What the exercise asks>
The entries are to be written out word for word, with their images left out.

- - -

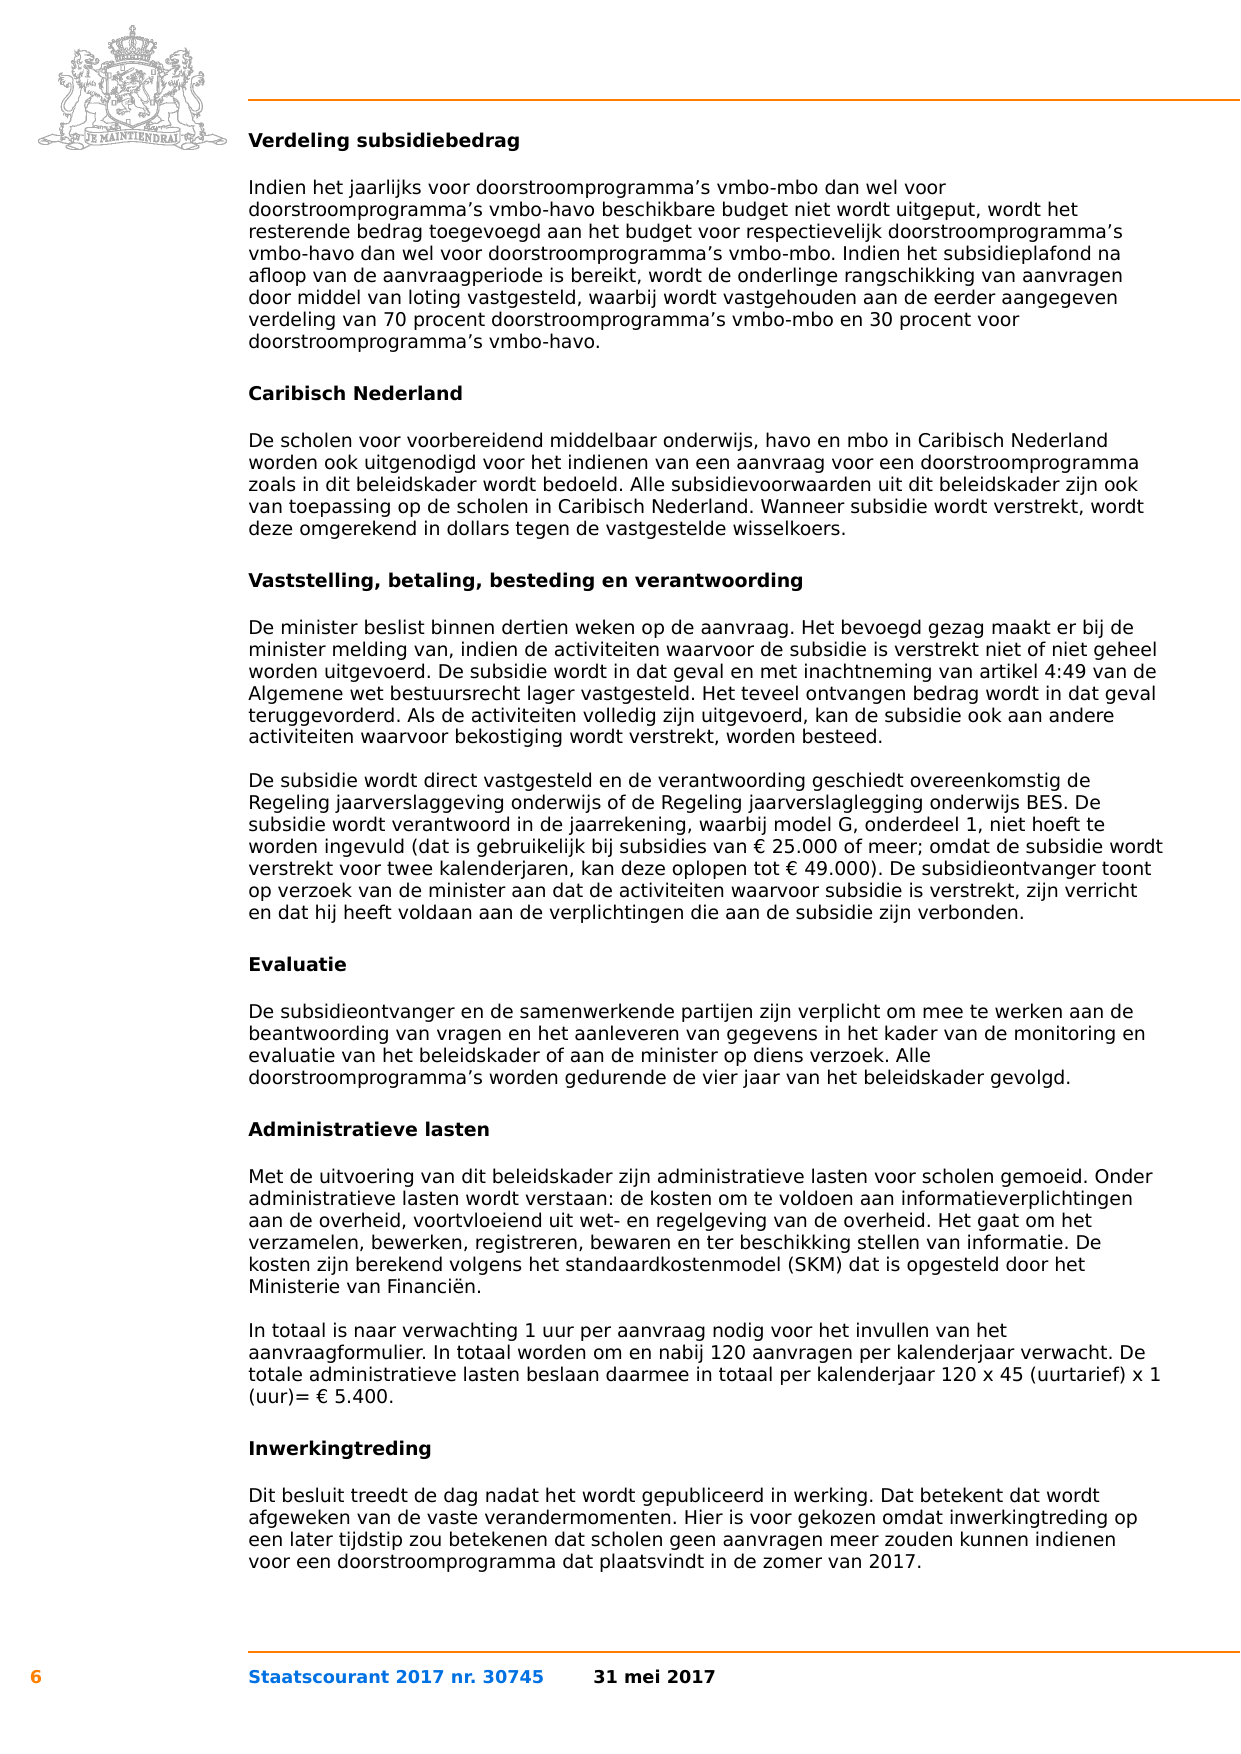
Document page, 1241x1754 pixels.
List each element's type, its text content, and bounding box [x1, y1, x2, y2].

subtitle Administratieve lasten [248, 1119, 1163, 1141]
subtitle Verdeling subsidiebedrag [248, 130, 1163, 152]
text In totaal is naar verwachting 1 uur per aanvraag nodig voor het invullen van het aanvraagformulier. In totaal worden om en nabij 120 aanvragen per kalenderjaar verwacht. De totale administratieve lasten beslaan daarmee in totaal per kalenderjaar 120 x 45 (uurtarief) x 1 (uur)= € 5.400. [248, 1320, 1163, 1408]
text De subsidie wordt direct vastgesteld en de verantwoording geschiedt overeenkomstig de Regeling jaarverslaggeving onderwijs of de Regeling jaarverslaglegging onderwijs BES. De subsidie wordt verantwoord in de jaarrekening, waarbij model G, onderdeel 1, niet hoeft te worden ingevuld (dat is gebruikelijk bij subsidies van € 25.000 of meer; omdat de subsidie wordt verstrekt voor twee kalenderjaren, kan deze oplopen tot € 49.000). De subsidieontvanger toont op verzoek van de minister aan dat de activiteiten waarvoor subsidie is verstrekt, zijn verricht en dat hij heeft voldaan aan de verplichtingen die aan de subsidie zijn verbonden. [248, 770, 1163, 924]
text Met de uitvoering van dit beleidskader zijn administratieve lasten voor scholen gemoeid. Onder administratieve lasten wordt verstaan: de kosten om te voldoen aan informatieverplichtingen aan de overheid, voortvloeiend uit wet- en regelgeving van de overheid. Het gaat om het verzamelen, bewerken, registreren, bewaren en ter beschikking stellen van informatie. De kosten zijn berekend volgens het standaardkostenmodel (SKM) dat is opgesteld door het Ministerie van Financiën. [248, 1166, 1163, 1298]
text Dit besluit treedt de dag nadat het wordt gepubliceerd in werking. Dat betekent dat wordt afgeweken van de vaste verandermomenten. Hier is voor gekozen omdat inwerkingtreding op een later tijdstip zou betekenen dat scholen geen aanvragen meer zouden kunnen indienen voor een doorstroomprogramma dat plaatsvindt in de zomer van 2017. [248, 1485, 1163, 1573]
text Indien het jaarlijks voor doorstroomprogramma’s vmbo-mbo dan wel voor doorstroomprogramma’s vmbo-havo beschikbare budget niet wordt uitgeput, wordt het resterende bedrag toegevoegd aan het budget voor respectievelijk doorstroomprogramma’s vmbo-havo dan wel voor doorstroomprogramma’s vmbo-mbo. Indien het subsidieplafond na afloop van de aanvraagperiode is bereikt, wordt de onderlinge rangschikking van aanvragen door middel van loting vastgesteld, waarbij wordt vastgehouden aan de eerder aangegeven verdeling van 70 procent doorstroomprogramma’s vmbo-mbo en 30 procent voor doorstroomprogramma’s vmbo-havo. [248, 177, 1163, 353]
subtitle Caribisch Nederland [248, 383, 1163, 405]
subtitle Vaststelling, betaling, besteding en verantwoording [248, 569, 1163, 592]
text De minister beslist binnen dertien weken op de aanvraag. Het bevoegd gezag maakt er bij de minister melding van, indien de activiteiten waarvoor de subsidie is verstrekt niet of niet geheel worden uitgevoerd. De subsidie wordt in dat geval en met inachtneming van artikel 4:49 van de Algemene wet bestuursrecht lager vastgesteld. Het teveel ontvangen bedrag wordt in dat geval teruggevorderd. Als de activiteiten volledig zijn uitgevoerd, kan de subsidie ook aan andere activiteiten waarvoor bekostiging wordt verstrekt, worden besteed. [248, 617, 1163, 748]
subtitle Evaluatie [248, 954, 1163, 976]
picture [38, 25, 227, 150]
text De subsidieontvanger en de samenwerkende partijen zijn verplicht om mee te werken aan de beantwoording van vragen en het aanleveren van gegevens in het kader van de monitoring en evaluatie van het beleidskader of aan de minister op diens verzoek. Alle doorstroomprogramma’s worden gedurende de vier jaar van het beleidskader gevolgd. [248, 1001, 1163, 1089]
text De scholen voor voorbereidend middelbaar onderwijs, havo en mbo in Caribisch Nederland worden ook uitgenodigd voor het indienen van een aanvraag voor een doorstroomprogramma zoals in dit beleidskader wordt bedoeld. Alle subsidievoorwaarden uit dit beleidskader zijn ook van toepassing op de scholen in Caribisch Nederland. Wanneer subsidie wordt verstrekt, wordt deze omgerekend in dollars tegen de vastgestelde wisselkoers. [248, 430, 1163, 539]
subtitle Inwerkingtreding [248, 1438, 1163, 1460]

- - -

Answer section>
Document page, 1241x1754 pixels.
List each element's type, its text content, and bounding box [x1, y1, x2, y2].

subtitle Administratieve lasten [248, 1119, 1163, 1141]
subtitle Verdeling subsidiebedrag [248, 130, 1163, 152]
text In totaal is naar verwachting 1 uur per aanvraag nodig voor het invullen van het aanvraagformulier. In totaal worden om en nabij 120 aanvragen per kalenderjaar verwacht. De totale administratieve lasten beslaan daarmee in totaal per kalenderjaar 120 x 45 (uurtarief) x 1 (uur)= € 5.400. [248, 1320, 1163, 1408]
text De subsidie wordt direct vastgesteld en de verantwoording geschiedt overeenkomstig de Regeling jaarverslaggeving onderwijs of de Regeling jaarverslaglegging onderwijs BES. De subsidie wordt verantwoord in de jaarrekening, waarbij model G, onderdeel 1, niet hoeft te worden ingevuld (dat is gebruikelijk bij subsidies van € 25.000 of meer; omdat de subsidie wordt verstrekt voor twee kalenderjaren, kan deze oplopen tot € 49.000). De subsidieontvanger toont op verzoek van de minister aan dat de activiteiten waarvoor subsidie is verstrekt, zijn verricht en dat hij heeft voldaan aan de verplichtingen die aan de subsidie zijn verbonden. [248, 770, 1163, 924]
text Met de uitvoering van dit beleidskader zijn administratieve lasten voor scholen gemoeid. Onder administratieve lasten wordt verstaan: de kosten om te voldoen aan informatieverplichtingen aan de overheid, voortvloeiend uit wet- en regelgeving van de overheid. Het gaat om het verzamelen, bewerken, registreren, bewaren en ter beschikking stellen van informatie. De kosten zijn berekend volgens het standaardkostenmodel (SKM) dat is opgesteld door het Ministerie van Financiën. [248, 1166, 1163, 1298]
text Dit besluit treedt de dag nadat het wordt gepubliceerd in werking. Dat betekent dat wordt afgeweken van de vaste verandermomenten. Hier is voor gekozen omdat inwerkingtreding op een later tijdstip zou betekenen dat scholen geen aanvragen meer zouden kunnen indienen voor een doorstroomprogramma dat plaatsvindt in de zomer van 2017. [248, 1485, 1163, 1573]
text Indien het jaarlijks voor doorstroomprogramma’s vmbo-mbo dan wel voor doorstroomprogramma’s vmbo-havo beschikbare budget niet wordt uitgeput, wordt het resterende bedrag toegevoegd aan het budget voor respectievelijk doorstroomprogramma’s vmbo-havo dan wel voor doorstroomprogramma’s vmbo-mbo. Indien het subsidieplafond na afloop van de aanvraagperiode is bereikt, wordt de onderlinge rangschikking van aanvragen door middel van loting vastgesteld, waarbij wordt vastgehouden aan de eerder aangegeven verdeling van 70 procent doorstroomprogramma’s vmbo-mbo en 30 procent voor doorstroomprogramma’s vmbo-havo. [248, 177, 1163, 353]
subtitle Caribisch Nederland [248, 383, 1163, 405]
subtitle Vaststelling, betaling, besteding en verantwoording [248, 569, 1163, 592]
text De minister beslist binnen dertien weken op de aanvraag. Het bevoegd gezag maakt er bij de minister melding van, indien de activiteiten waarvoor de subsidie is verstrekt niet of niet geheel worden uitgevoerd. De subsidie wordt in dat geval en met inachtneming van artikel 4:49 van de Algemene wet bestuursrecht lager vastgesteld. Het teveel ontvangen bedrag wordt in dat geval teruggevorderd. Als de activiteiten volledig zijn uitgevoerd, kan de subsidie ook aan andere activiteiten waarvoor bekostiging wordt verstrekt, worden besteed. [248, 617, 1163, 748]
subtitle Evaluatie [248, 954, 1163, 976]
picture [38, 25, 227, 150]
text De subsidieontvanger en de samenwerkende partijen zijn verplicht om mee te werken aan de beantwoording van vragen en het aanleveren van gegevens in het kader van de monitoring en evaluatie van het beleidskader of aan de minister op diens verzoek. Alle doorstroomprogramma’s worden gedurende de vier jaar van het beleidskader gevolgd. [248, 1001, 1163, 1089]
text De scholen voor voorbereidend middelbaar onderwijs, havo en mbo in Caribisch Nederland worden ook uitgenodigd voor het indienen van een aanvraag voor een doorstroomprogramma zoals in dit beleidskader wordt bedoeld. Alle subsidievoorwaarden uit dit beleidskader zijn ook van toepassing op de scholen in Caribisch Nederland. Wanneer subsidie wordt verstrekt, wordt deze omgerekend in dollars tegen de vastgestelde wisselkoers. [248, 430, 1163, 539]
subtitle Inwerkingtreding [248, 1438, 1163, 1460]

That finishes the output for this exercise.